When you reach the line containing "3. machine part [262, 15, 347, 72]" in the records below, start copying exactly, and stop once you have copied the line containing "13. machine part [403, 128, 586, 331]".

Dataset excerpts
◆ ◆ ◆ ◆ ◆ ◆ ◆
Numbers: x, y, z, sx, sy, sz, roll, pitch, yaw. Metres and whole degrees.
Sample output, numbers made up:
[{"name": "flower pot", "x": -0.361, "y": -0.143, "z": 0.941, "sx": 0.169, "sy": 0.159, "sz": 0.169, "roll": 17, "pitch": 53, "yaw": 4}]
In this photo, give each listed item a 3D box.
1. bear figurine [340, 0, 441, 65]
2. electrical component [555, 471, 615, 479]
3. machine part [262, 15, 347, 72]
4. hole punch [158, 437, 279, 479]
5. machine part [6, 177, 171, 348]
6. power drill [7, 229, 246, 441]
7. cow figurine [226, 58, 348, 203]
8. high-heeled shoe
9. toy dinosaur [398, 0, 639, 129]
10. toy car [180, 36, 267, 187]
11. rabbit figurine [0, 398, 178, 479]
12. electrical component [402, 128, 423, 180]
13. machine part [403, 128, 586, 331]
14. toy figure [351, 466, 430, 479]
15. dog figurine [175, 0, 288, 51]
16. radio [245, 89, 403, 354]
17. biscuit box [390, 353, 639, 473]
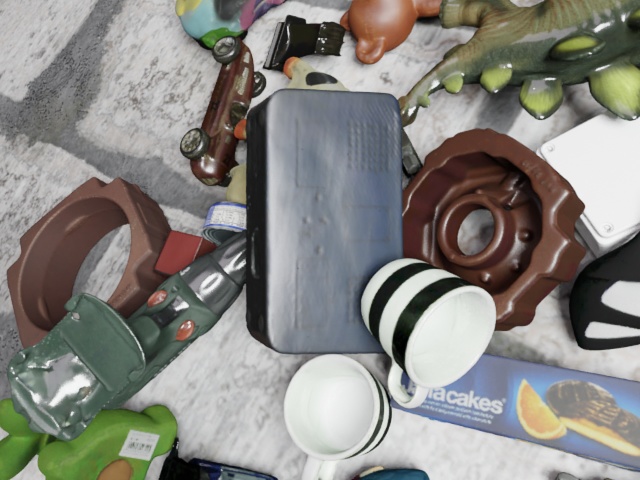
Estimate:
[{"name": "bear figurine", "x": 0.108, "y": -0.301, "z": 0.613, "sx": 0.196, "sy": 0.131, "sz": 0.120, "roll": -21, "pitch": 52, "yaw": 10}, {"name": "electrical component", "x": 0.218, "y": 0.218, "z": 0.380, "sx": 0.102, "sy": 0.045, "sz": 0.078, "roll": 6, "pitch": 42, "yaw": 25}, {"name": "machine part", "x": -0.024, "y": -0.251, "z": 0.683, "sx": 0.139, "sy": 0.039, "sz": 0.084, "roll": 22, "pitch": 86, "yaw": 50}, {"name": "hole punch", "x": -0.105, "y": 0.264, "z": 0.497, "sx": 0.116, "sy": 0.092, "sz": 0.142, "roll": -17, "pitch": 60, "yaw": 53}, {"name": "machine part", "x": -0.275, "y": 0.039, "z": 0.666, "sx": 0.201, "sy": 0.087, "sz": 0.201, "roll": -38, "pitch": 58, "yaw": 4}, {"name": "power drill", "x": -0.148, "y": 0.071, "z": 0.467, "sx": 0.232, "sy": 0.207, "sz": 0.086, "roll": -43, "pitch": 93, "yaw": 7}, {"name": "cow figurine", "x": -0.036, "y": -0.107, "z": 0.622, "sx": 0.127, "sy": 0.085, "sz": 0.195, "roll": 34, "pitch": 84, "yaw": 39}, {"name": "high-heeled shoe", "x": 0.324, "y": 0.058, "z": 0.394, "sx": 0.249, "sy": 0.086, "sz": 0.145, "roll": 22, "pitch": 108, "yaw": 17}, {"name": "toy dinosaur", "x": 0.274, "y": -0.204, "z": 0.477, "sx": 0.471, "sy": 0.105, "sz": 0.199, "roll": -28, "pitch": 46, "yaw": 7}, {"name": "toy car", "x": -0.114, "y": -0.163, "z": 0.677, "sx": 0.053, "sy": 0.089, "sz": 0.202, "roll": 5, "pitch": 69, "yaw": 27}, {"name": "rabbit figurine", "x": -0.263, "y": 0.217, "z": 0.559, "sx": 0.170, "sy": 0.159, "sz": 0.121, "roll": 6, "pitch": 80, "yaw": 43}, {"name": "electrical component", "x": 0.086, "y": -0.099, "z": 0.568, "sx": 0.021, "sy": 0.063, "sz": 0.094, "roll": -27, "pitch": 58, "yaw": 13}, {"name": "machine part", "x": 0.141, "y": -0.007, "z": 0.478, "sx": 0.179, "sy": 0.056, "sz": 0.179, "roll": -13, "pitch": 70, "yaw": 42}, {"name": "toy figure", "x": 0.023, "y": 0.235, "z": 0.457, "sx": 0.154, "sy": 0.057, "sz": 0.064, "roll": -23, "pitch": 21, "yaw": 17}, {"name": "dog figurine", "x": -0.068, "y": -0.348, "z": 0.729, "sx": 0.219, "sy": 0.108, "sz": 0.191, "roll": 7, "pitch": 71, "yaw": 25}, {"name": "radio", "x": 0.003, "y": -0.015, "z": 0.480, "sx": 0.073, "sy": 0.131, "sz": 0.229, "roll": 176, "pitch": 94, "yaw": -67}, {"name": "biscuit box", "x": 0.162, "y": 0.130, "z": 0.433, "sx": 0.203, "sy": 0.059, "sz": 0.063, "roll": 5, "pitch": 71, "yaw": 28}]
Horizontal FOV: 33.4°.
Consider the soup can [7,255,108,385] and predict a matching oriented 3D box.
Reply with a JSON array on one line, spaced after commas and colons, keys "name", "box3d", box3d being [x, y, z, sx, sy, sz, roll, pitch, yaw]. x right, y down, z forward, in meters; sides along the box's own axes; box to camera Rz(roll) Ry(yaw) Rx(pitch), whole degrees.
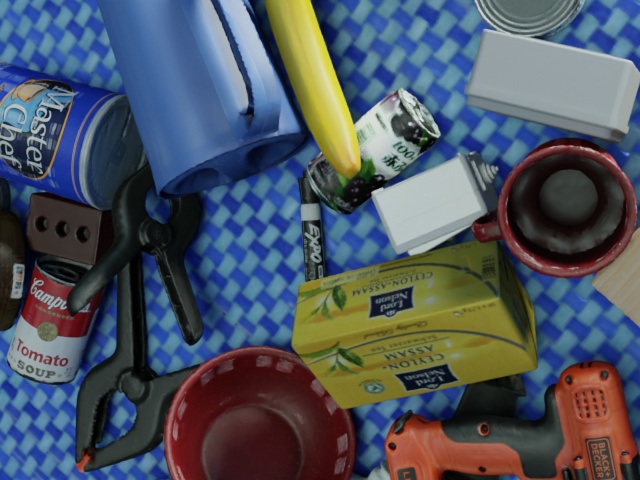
[{"name": "soup can", "box3d": [-0.242, 0.073, 0.980, 0.068, 0.068, 0.102, 25, 105, 17]}]

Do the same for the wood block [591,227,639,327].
[{"name": "wood block", "box3d": [0.293, -0.023, 0.726, 0.091, 0.090, 0.206, 43, 123, 12]}]

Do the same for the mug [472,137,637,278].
[{"name": "mug", "box3d": [0.166, -0.024, 0.765, 0.117, 0.081, 0.093, -21, 98, 19]}]

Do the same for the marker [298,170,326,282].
[{"name": "marker", "box3d": [-0.006, 0.001, 0.907, 0.020, 0.020, 0.121, -2, 95, 21]}]

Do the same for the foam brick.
[{"name": "foam brick", "box3d": [-0.221, -0.012, 0.971, 0.078, 0.051, 0.053, 12, 100, 19]}]

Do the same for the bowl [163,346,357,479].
[{"name": "bowl", "box3d": [-0.053, 0.174, 0.899, 0.162, 0.055, 0.162, 5, 64, -10]}]

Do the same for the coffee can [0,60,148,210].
[{"name": "coffee can", "box3d": [-0.235, -0.093, 0.941, 0.140, 0.102, 0.103, 17, 101, 19]}]

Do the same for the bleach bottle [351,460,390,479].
[{"name": "bleach bottle", "box3d": [0.003, 0.299, 0.914, 0.102, 0.068, 0.251, 36, 104, 12]}]

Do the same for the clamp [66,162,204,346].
[{"name": "clamp", "box3d": [-0.154, 0.002, 0.914, 0.039, 0.120, 0.171, -23, 63, 51]}]

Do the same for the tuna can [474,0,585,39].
[{"name": "tuna can", "box3d": [0.161, -0.196, 0.814, 0.086, 0.033, 0.086, 2, 96, 21]}]

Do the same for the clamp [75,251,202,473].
[{"name": "clamp", "box3d": [-0.168, 0.120, 0.973, 0.164, 0.036, 0.210, 44, 105, 13]}]

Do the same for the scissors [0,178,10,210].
[{"name": "scissors", "box3d": [-0.341, -0.101, 1.027, 0.096, 0.016, 0.202, 5, 97, 19]}]

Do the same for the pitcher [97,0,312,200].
[{"name": "pitcher", "box3d": [-0.105, -0.167, 0.866, 0.149, 0.144, 0.243, -24, 84, 20]}]

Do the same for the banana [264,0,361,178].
[{"name": "banana", "box3d": [-0.011, -0.141, 0.834, 0.037, 0.069, 0.198, -19, 93, 5]}]

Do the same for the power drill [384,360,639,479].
[{"name": "power drill", "box3d": [0.152, 0.191, 0.813, 0.188, 0.057, 0.184, -10, 93, 17]}]
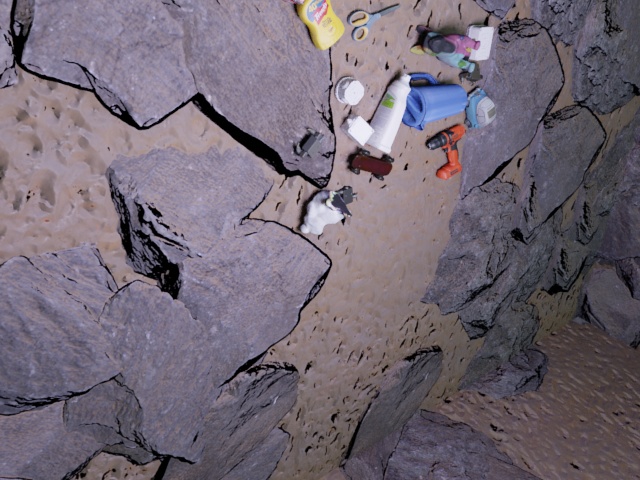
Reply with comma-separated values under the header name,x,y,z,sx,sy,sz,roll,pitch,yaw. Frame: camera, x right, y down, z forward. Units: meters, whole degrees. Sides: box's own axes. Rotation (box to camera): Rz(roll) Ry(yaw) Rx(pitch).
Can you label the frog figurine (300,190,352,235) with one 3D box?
name,x,y,z,sx,sy,sz,roll,pitch,yaw
frog figurine,0.005,-0.085,1.696,0.157,0.125,0.137,-34,155,31
◆ ◆ ◆ ◆ ◆ ◆ ◆
Solution for this exercise:
3. machine part [262, 15, 347, 72]
4. hole punch [158, 437, 279, 479]
5. machine part [6, 177, 171, 348]
6. power drill [7, 229, 246, 441]
7. cow figurine [226, 58, 348, 203]
8. high-heeled shoe
9. toy dinosaur [398, 0, 639, 129]
10. toy car [180, 36, 267, 187]
11. rabbit figurine [0, 398, 178, 479]
12. electrical component [402, 128, 423, 180]
13. machine part [403, 128, 586, 331]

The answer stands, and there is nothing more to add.